Task prompt
Transcribe everything in the listing below exactly, except the pictures.

Given data

■ ■ ■ ■ ■

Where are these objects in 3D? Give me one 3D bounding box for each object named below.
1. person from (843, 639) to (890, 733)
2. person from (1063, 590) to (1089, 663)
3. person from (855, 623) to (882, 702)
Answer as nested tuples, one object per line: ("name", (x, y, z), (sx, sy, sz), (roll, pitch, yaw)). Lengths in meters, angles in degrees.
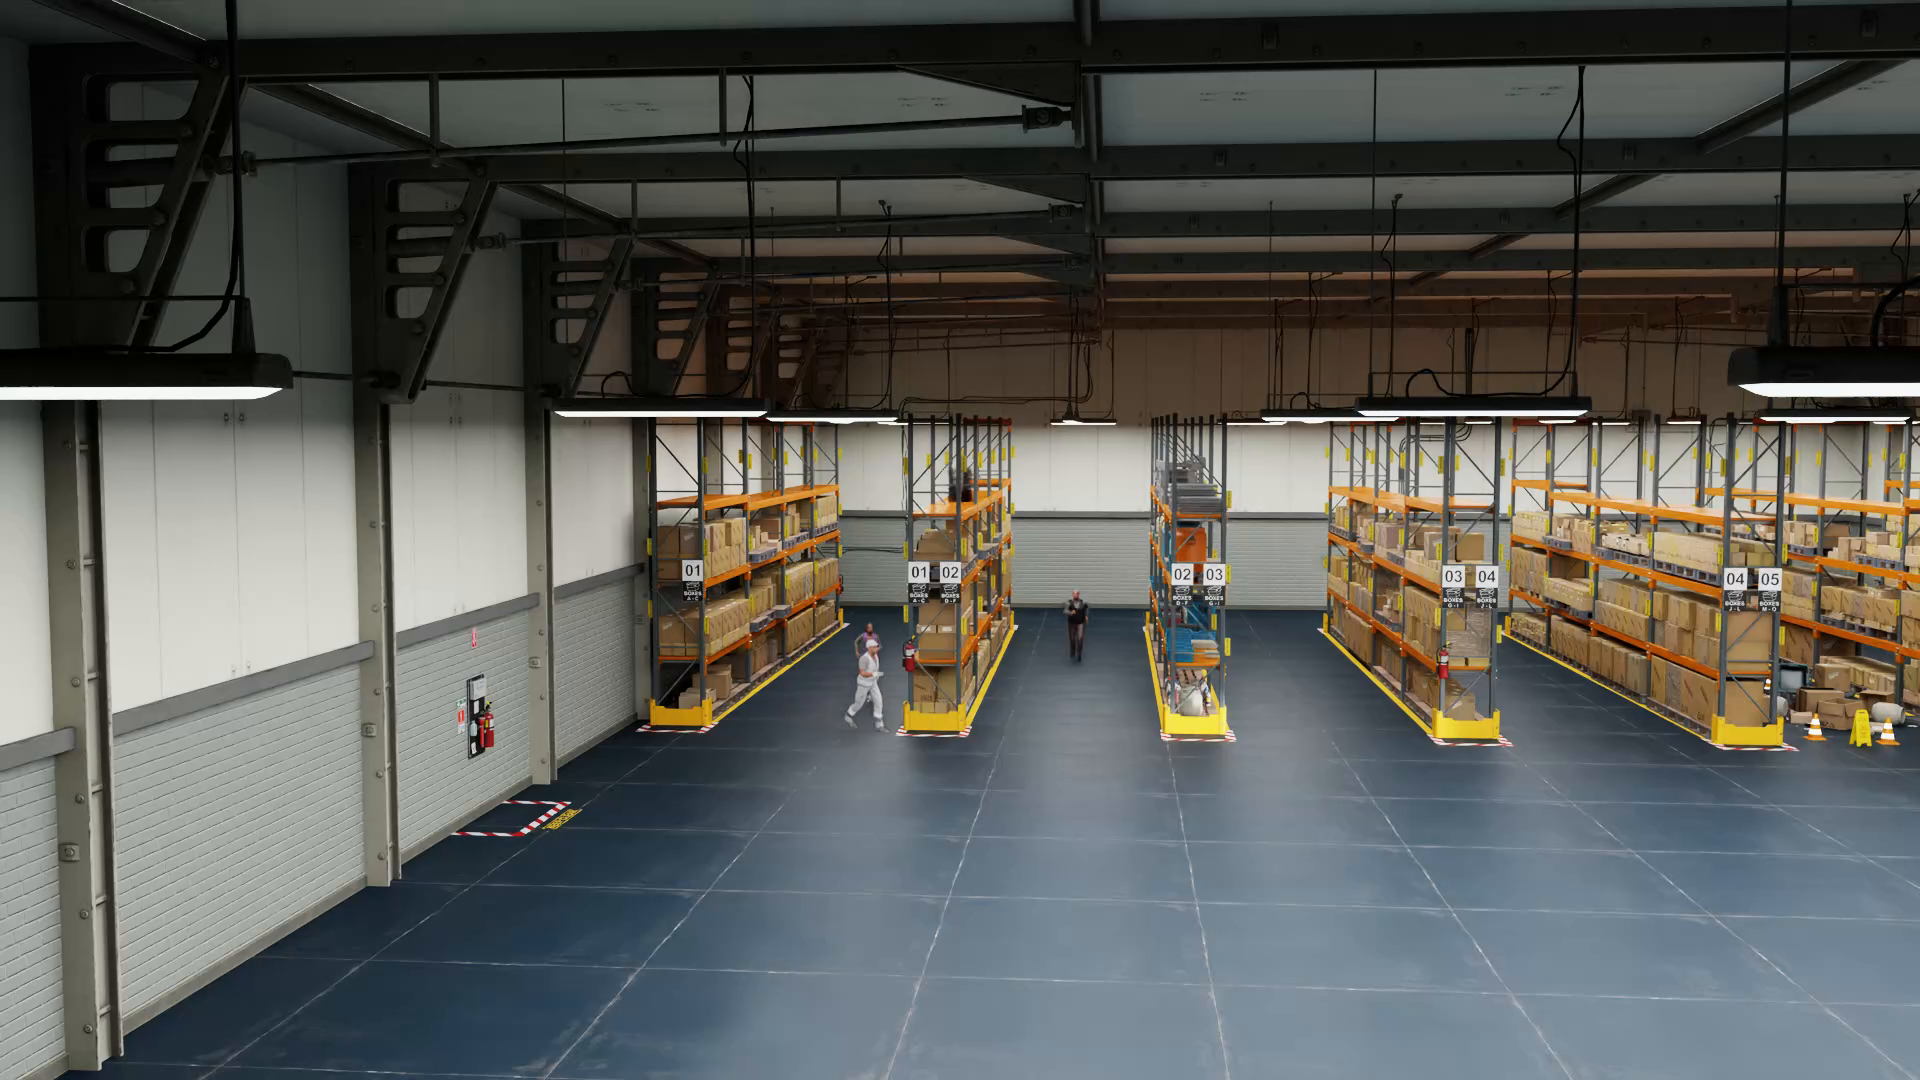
("person", (-1.756, 2.725, 31.184), (1.021, 1.763, 0.696), (3, 5, 36))
("person", (2.858, 2.101, 40.938), (0.635, 1.776, 0.866), (0, 4, 3))
("person", (-1.940, 2.552, 35.208), (0.571, 1.620, 0.869), (-1, 4, -8))

■ ■ ■ ■ ■

Your response
Where are these objects in 3D? Give me one 3D bounding box for each object named below.
1. person from (843, 639) to (890, 733)
2. person from (1063, 590) to (1089, 663)
3. person from (855, 623) to (882, 702)
Answer as nested tuples, one object per line: ("name", (x, y, z), (sx, sy, sz), (roll, pitch, yaw)). Lengths in meters, angles in degrees.
("person", (-1.756, 2.725, 31.184), (1.021, 1.763, 0.696), (3, 5, 36))
("person", (2.858, 2.101, 40.938), (0.635, 1.776, 0.866), (0, 4, 3))
("person", (-1.940, 2.552, 35.208), (0.571, 1.620, 0.869), (-1, 4, -8))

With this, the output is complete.